The function() call in R is itself a function, all R functions have three parts: the formals(), the body(), and the environment(). Since we are creating an R package the majority of our functions with be in the package environment (as opposed to global). Since this function calls return() we will not use return() at the end of our functions. The function formals() are the variables, TRUE/FALSE, or NULL values.

If a variable must have a value then it should be named or named w/a value (e.g., year or year=2017). If a variable will be TRUE or FALSE then set it at the most oft used status (e.g., by_strata = FALSE).

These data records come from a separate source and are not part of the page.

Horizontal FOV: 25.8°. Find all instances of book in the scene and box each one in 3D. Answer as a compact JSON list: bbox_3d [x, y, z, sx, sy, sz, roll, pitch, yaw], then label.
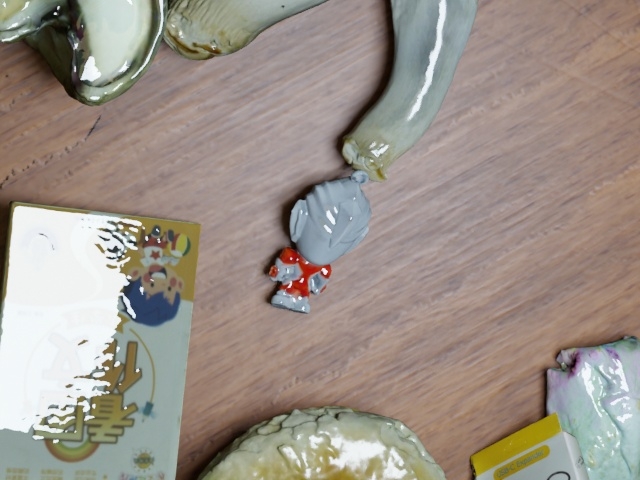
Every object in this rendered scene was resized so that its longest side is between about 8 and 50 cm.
[{"bbox_3d":[-0.236,0.116,1.450,0.208,0.020,0.295,6,87,-27],"label":"book"}]

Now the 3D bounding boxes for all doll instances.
[{"bbox_3d":[0.000,0.000,1.497,0.094,0.079,0.180,21,107,-26],"label":"doll"}]

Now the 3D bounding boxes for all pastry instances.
[{"bbox_3d":[0.005,0.322,1.501,0.330,0.136,0.329,-1,98,-6],"label":"pastry"}]

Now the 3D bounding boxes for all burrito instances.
[{"bbox_3d":[0.318,0.226,1.569,0.144,0.089,0.229,-4,100,-11],"label":"burrito"}]

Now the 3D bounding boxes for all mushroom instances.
[{"bbox_3d":[0.100,-0.194,1.477,0.096,0.099,0.278,17,98,-5],"label":"mushroom"},{"bbox_3d":[-0.265,-0.272,1.367,0.267,0.164,0.189,37,91,-16],"label":"mushroom"},{"bbox_3d":[0.011,-0.310,1.402,0.397,0.177,0.126,-31,101,-4],"label":"mushroom"}]

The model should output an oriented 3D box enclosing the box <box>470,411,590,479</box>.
[{"bbox_3d":[0.243,0.318,1.497,0.129,0.247,0.033,-33,138,28],"label":"box"}]
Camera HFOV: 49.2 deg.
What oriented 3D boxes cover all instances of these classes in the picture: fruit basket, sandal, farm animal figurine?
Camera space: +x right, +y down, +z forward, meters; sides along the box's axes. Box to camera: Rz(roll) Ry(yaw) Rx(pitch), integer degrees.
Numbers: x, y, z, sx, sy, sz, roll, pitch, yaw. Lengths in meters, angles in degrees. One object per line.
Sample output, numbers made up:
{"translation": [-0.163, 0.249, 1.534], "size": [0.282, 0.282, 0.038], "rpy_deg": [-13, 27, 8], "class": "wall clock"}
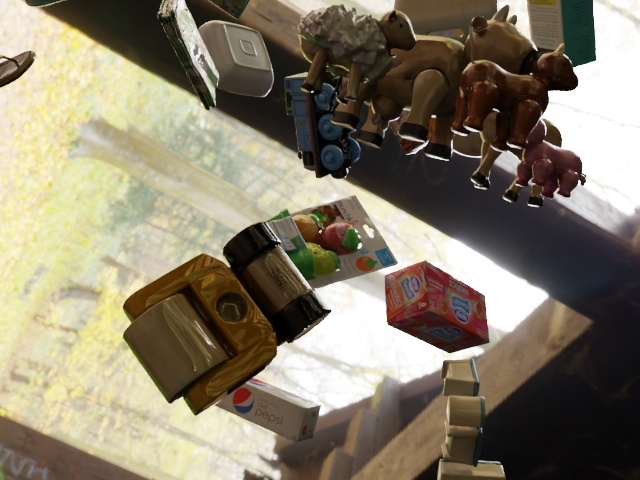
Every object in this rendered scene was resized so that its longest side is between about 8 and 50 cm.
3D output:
{"translation": [0.000, 0.000, 2.022], "size": [0.165, 0.353, 0.327], "rpy_deg": [80, -12, -46], "class": "fruit basket"}
{"translation": [-0.575, -0.290, 1.193], "size": [0.049, 0.180, 0.072], "rpy_deg": [77, -8, -45], "class": "sandal"}
{"translation": [0.165, -0.178, 0.817], "size": [0.330, 0.327, 0.172], "rpy_deg": [28, 80, -71], "class": "farm animal figurine"}

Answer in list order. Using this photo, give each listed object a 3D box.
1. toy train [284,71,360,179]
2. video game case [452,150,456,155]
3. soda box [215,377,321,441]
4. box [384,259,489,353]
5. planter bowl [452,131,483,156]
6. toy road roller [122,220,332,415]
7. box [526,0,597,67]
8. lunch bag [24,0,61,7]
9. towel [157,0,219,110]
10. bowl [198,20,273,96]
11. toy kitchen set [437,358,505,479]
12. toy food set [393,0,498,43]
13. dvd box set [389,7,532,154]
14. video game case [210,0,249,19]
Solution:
{"translation": [0.003, -0.191, 1.144], "size": [0.080, 0.105, 0.184], "rpy_deg": [-30, 120, -49], "class": "toy train"}
{"translation": [0.483, -0.437, 2.209], "size": [0.269, 0.061, 0.244], "rpy_deg": [-56, 169, -25], "class": "video game case"}
{"translation": [-0.111, 0.336, 1.433], "size": [0.069, 0.216, 0.074], "rpy_deg": [13, 92, -62], "class": "soda box"}
{"translation": [0.272, 0.159, 1.616], "size": [0.122, 0.257, 0.128], "rpy_deg": [-23, -127, 37], "class": "box"}
{"translation": [0.345, -0.275, 1.681], "size": [0.109, 0.162, 0.162], "rpy_deg": [-3, -134, 24], "class": "planter bowl"}
{"translation": [-0.161, 0.145, 1.180], "size": [0.329, 0.202, 0.240], "rpy_deg": [-31, 167, -30], "class": "toy road roller"}
{"translation": [0.372, -0.399, 1.096], "size": [0.100, 0.060, 0.244], "rpy_deg": [-127, -159, -64], "class": "box"}
{"translation": [-0.527, -0.608, 1.501], "size": [0.108, 0.279, 0.224], "rpy_deg": [62, 23, -53], "class": "lunch bag"}
{"translation": [-0.175, -0.270, 0.966], "size": [0.023, 0.152, 0.113], "rpy_deg": [-14, -138, 11], "class": "towel"}
{"translation": [-0.150, -0.344, 1.298], "size": [0.053, 0.142, 0.142], "rpy_deg": [-33, -113, 42], "class": "bowl"}
{"translation": [0.296, 0.364, 1.371], "size": [0.166, 0.122, 0.207], "rpy_deg": [-82, 176, -65], "class": "toy kitchen set"}
{"translation": [0.284, -0.548, 1.515], "size": [0.092, 0.220, 0.306], "rpy_deg": [54, 41, -54], "class": "toy food set"}
{"translation": [0.339, -0.474, 1.946], "size": [0.420, 0.307, 0.062], "rpy_deg": [-31, 174, 35], "class": "dvd box set"}
{"translation": [-0.278, -0.829, 2.176], "size": [0.212, 0.193, 0.023], "rpy_deg": [-56, -140, 10], "class": "video game case"}

If the function is dependent upon a variable that may or may not be included then use NULL (e.g., alt_file = NULL).

What does this mean?

Do this

double <- function(x){
  x * x
}  

Not this

double <- function(x){
  d <- x * x
  return(d)
} 

We will use roxygen2 documentation - a standard function will look something like:


#' query fishery catch data
#'
#' @param year max year to retrieve data from 
#' @param species species group code e.g., "DUSK"
#' @param area sample area "GOA", "AI" or "BS" (or combos)
#' @param db data server to connect to
#' @param save saves a file to the data/raw folder, otherwise sends output to global enviro (default: TRUE)
#'
#' @export
#'
#' @examples
#' \dontrun{
#' q_catch(year = 2022, species = 'NORK', area = 'GOA', db = akfin, save = TRUE)
#' }
q_catch <- function(year, species, area, db, save = TRUE) {
  # function code...
}

We will use informative error messages throughout our functions - this can be done using the stop() function.


q_catch <- function(year, species, area, db, save = TRUE) {
    area = toupper(area)
    if(!(area %in% c("GOA", "AI", "BS"))) {
      stop("the area name is incorrect it must be 'GOA', 'BS', 'AI', or a combo e.g., ('BS', 'AI')")
    }
}

When building an R package that uses functions from other packages they must be called explicitly:


fsc_table <- function(year, folder){

  option(scipen = 999)
  fsc = vroom::vroom(here::here(year, "data", "output", "fish_size_comp.csv"))

  fsc %>%
    tidytable::select(n_s, n_h) %>%
    t(.) %>%
    as.data.frame() %>%
    tibble::rownames_to_column("name") -> samps

  fsc %>%
    tidytable::select(-n_s, -n_h, -AA_Index) %>%
    tidytable::pivot_longer(-year) %>%
    tidytable::pivot_wider(names_from = year, values_from = value, names_prefix = "y") %>%
    as.data.frame() %>%
    tidytable::mutate(tidytable::across(tidytable::where(is.numeric), round, digits = 4)) %>%
    tidytable::mutate(name = gsub("X", "", name),
                      name = ifelse(tidytable::row_number() == tidytable::n(), 
                                    paste0(name, "+"), name )) %>%
    tidytable::rename_with(~stringr::str_replace(., "y", "")) -> comp

  names(samps) <- base::names(comp)

  tidytable::bind_rows(comp, samps) %>%
    vroom::vroom_write(here::here(year, folder, "tables", "tbl_10_07.csv"), delim = ",")

}

In order to run this function we need to have five packages loaded (vroom, here, tidytable, tibble, stringr), note that base is also called, but not technically necessary.

The packages can be added to the R package using the usethis package:

usethis::use_package("vroom")

This will add the packages to the DESCRIPTION file as "Imports". Once packages are added devtools::document() is run to update the package.

We want to keep the number of dependencies to a minimum.

Suggested norms - Specific

Framework

Establish assessments on annual basis.

species/group  
  |-- raw_data              Rpackage-1 # specific to data query
  |-- cleaned_data          Rpackage-2 # basic data cleaning
  |-- eda                   Rpackage-2 # visualization of raw data
  |-- assessment_functions  Rpackage-2 # comps, .dat builder, process output, etc.
  |-- safe_figs             Rpackage-3 # consistent figures (both safe & presentation)
    

Code framework

General idea is to have a consistent code base Parent code with variants to address specifics for similar groups. These groups generally split out by region, then species clusters, w/a couple of species with highly specific needs.

Parent code
    |--GOA/AI
    |  |-- groundfish
    |  |       |--flatfish
    |  |       |--rockfish
    |  |       |--pollock
    |  |       |--pcod
    |  |       |--sablefish
    |  |       |--other
    |  |-- crab
    |
    |--EBS
        |-- groundfish
        |     |--flatfish
        |     |--rockfish
        |     |--pollock
        |     |--pcod
        |     |--other
        |-- crab

Teams framework

An associated “teams” framework would be:

  • General code developers/maintainers
    • Available to assist on any/multiple assessments
  • GOA/EBS - species/group specific
    • groundfish teams
    • crab teams